The twist is that the terms hinge on performance results: investors see returns based on benchmarks achieved, like say, a certain reduction in special education enrollment in elementary schools. Through outcome-based repayment, should the program fail, the government loses no money.

It’s a scheme where philanthropic investors spare cities the burden of putting up the initial funds, and bear the risk of smaller returns if projects fail.

Considerable savings were predicted by a feasibility study the city of Philadelphia released this summer evaluating a hypothetical anti-recidivism programs using PFS: for every dollar spent, the city would gain $1.70 cents in avoided costs, the authors of the study estimated.

“It’s not a panacea. There are serious concerns.
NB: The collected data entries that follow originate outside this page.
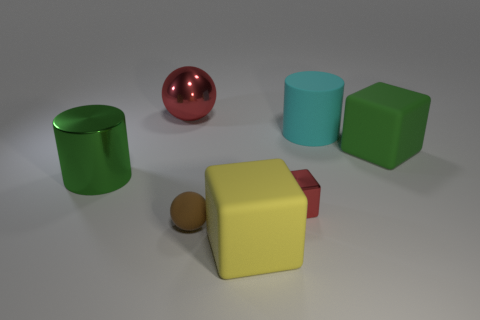Subtract all green matte blocks. How many blocks are left? 2 Subtract all blocks. How many objects are left? 4 Subtract all green cubes. How many cubes are left? 2 Add 1 yellow matte cylinders. How many objects exist? 8 Subtract 2 spheres. How many spheres are left? 0 Subtract all gray blocks. How many green balls are left? 0 Subtract all cyan objects. Subtract all metallic objects. How many objects are left? 3 Add 5 brown matte balls. How many brown matte balls are left? 6 Add 2 yellow objects. How many yellow objects exist? 3 Subtract 1 green cylinders. How many objects are left? 6 
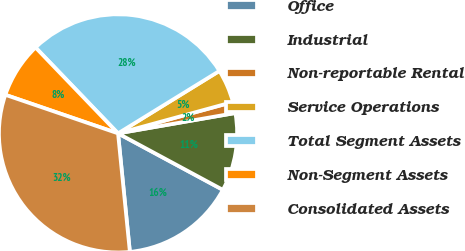Convert chart to OTSL. <chart><loc_0><loc_0><loc_500><loc_500><pie_chart><fcel>Office<fcel>Industrial<fcel>Non-reportable Rental<fcel>Service Operations<fcel>Total Segment Assets<fcel>Non-Segment Assets<fcel>Consolidated Assets<nl><fcel>15.55%<fcel>10.6%<fcel>1.51%<fcel>4.54%<fcel>28.39%<fcel>7.57%<fcel>31.83%<nl></chart> 
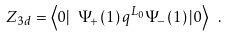<formula> <loc_0><loc_0><loc_500><loc_500>Z _ { 3 d } = \left \langle 0 | \text { } \Psi _ { + } \left ( 1 \right ) q ^ { L _ { 0 } } \Psi _ { - } \left ( 1 \right ) | 0 \right \rangle \text { } .</formula> 
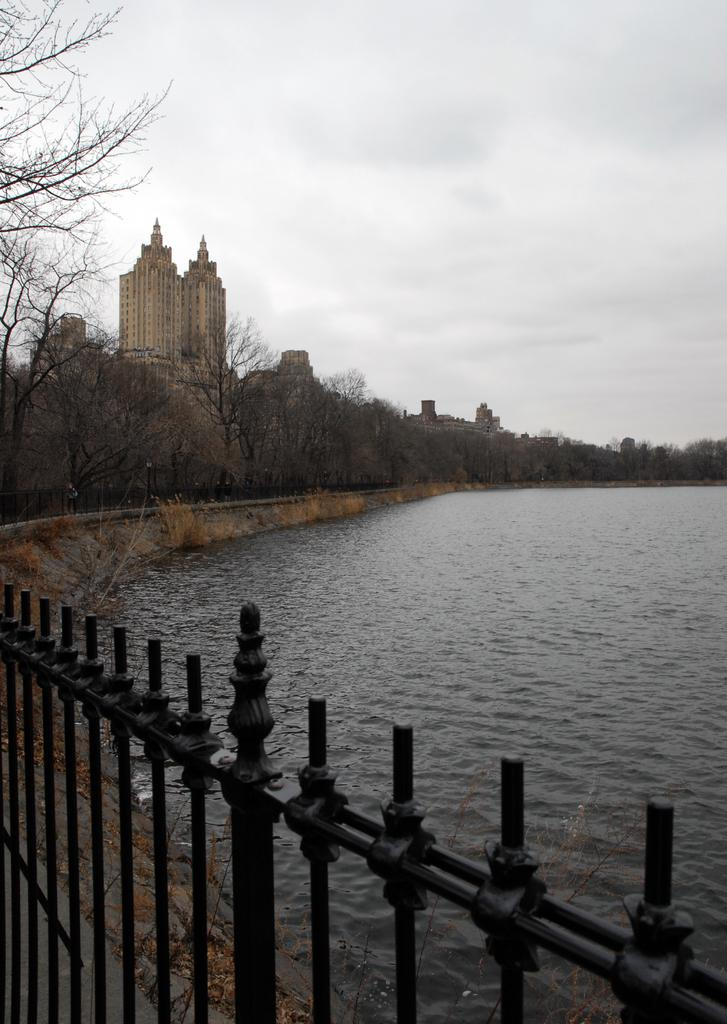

But in this conversation, I will be a cheerleader,” said Ian Galloway, a Federal Reserve Bank of San Francisco researcher who spoke at a conference dedicated to PFS last month thrown by Philly’s Federal Reserve Bank. “What really animates me about Pay For Success is it creates a tool to invest in human capital.”

Staff for Mayor-elect Jim Kenney said he is aware of and interested in the program.

“Jim thinks innovative financing programs like Pay for Success are interesting ways to fund programs that could make significant positive impacts on the city,” said Kenney’s policy director Jim Engler. “Jim is monitoring the success of similar programs at the state level and also in other cities and will use the lessons learned there to inform decisions made by his administration.”

Kenney’s word could soon be put to the test: aside from CCHP, there are at least two other Philly projects with plans brewing centered around PFS financing, says Noelle Baldini, a community engagement associate at the Federal Reserve Bank of Philadelphia: one would target recidivism, and another offer supportive housing for people with disabilities.

Meanwhile, CCHP is devising a feasibility plan of their own around PFS. In this case, the funds would cover wraparound services for the newly housed, and the outcomes would be more homeless patients off the streets.

Meanwhile, Mayor Michael Nutter, though soon to depart office, said at the conference that he hopes Philadelphia could become the “capital for Pay for Success” at the conference — citing the challenges in funding the social programs cities like Philly so badly need.

“I have to pass on the baton, but the business of government has to continue,” Nutter said. “The reality is there’s only so much we can do on our own,” he said.